**Work to complete**.
One number is the whole answer: the tally of lines in the records that include the word "bracketed".

**Study material**.
|---|

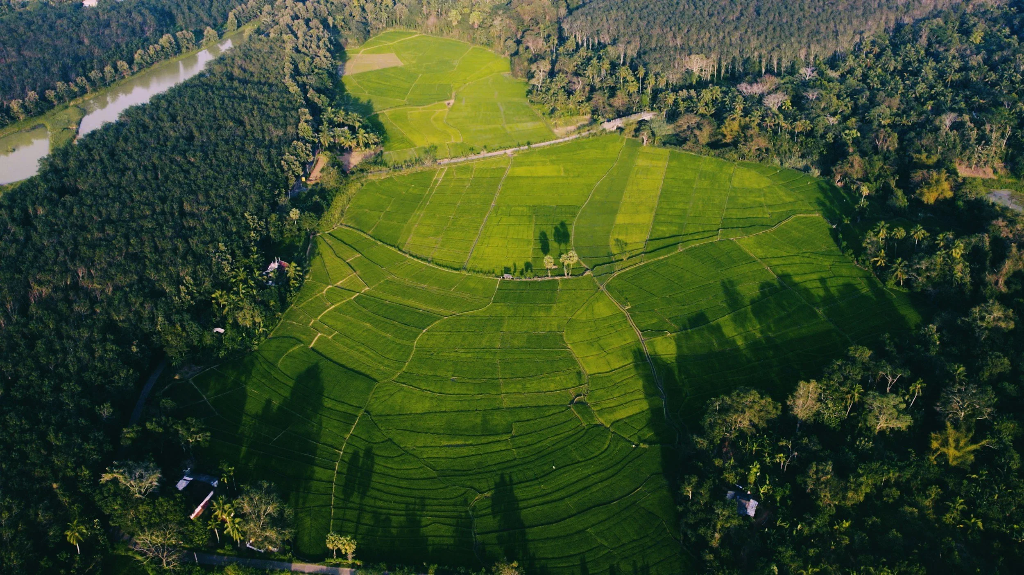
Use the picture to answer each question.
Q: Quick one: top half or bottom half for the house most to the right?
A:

|---|

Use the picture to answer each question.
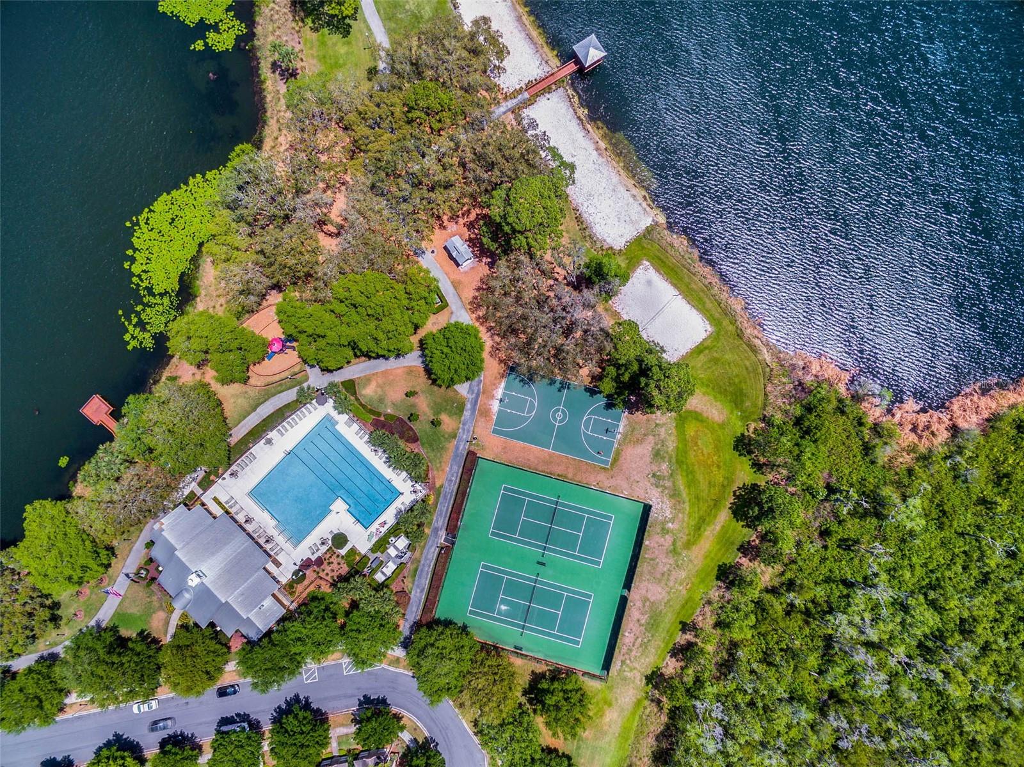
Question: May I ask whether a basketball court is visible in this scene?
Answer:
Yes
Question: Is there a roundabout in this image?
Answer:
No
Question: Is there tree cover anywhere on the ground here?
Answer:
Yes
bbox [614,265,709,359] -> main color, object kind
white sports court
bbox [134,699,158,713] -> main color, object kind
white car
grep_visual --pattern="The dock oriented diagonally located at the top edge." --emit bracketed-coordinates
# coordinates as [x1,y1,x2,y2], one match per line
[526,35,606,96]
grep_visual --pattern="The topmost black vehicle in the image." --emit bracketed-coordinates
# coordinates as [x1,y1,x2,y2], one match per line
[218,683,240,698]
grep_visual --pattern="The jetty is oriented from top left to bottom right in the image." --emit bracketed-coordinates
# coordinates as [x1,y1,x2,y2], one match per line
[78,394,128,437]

|---|

**Problem solution**.
3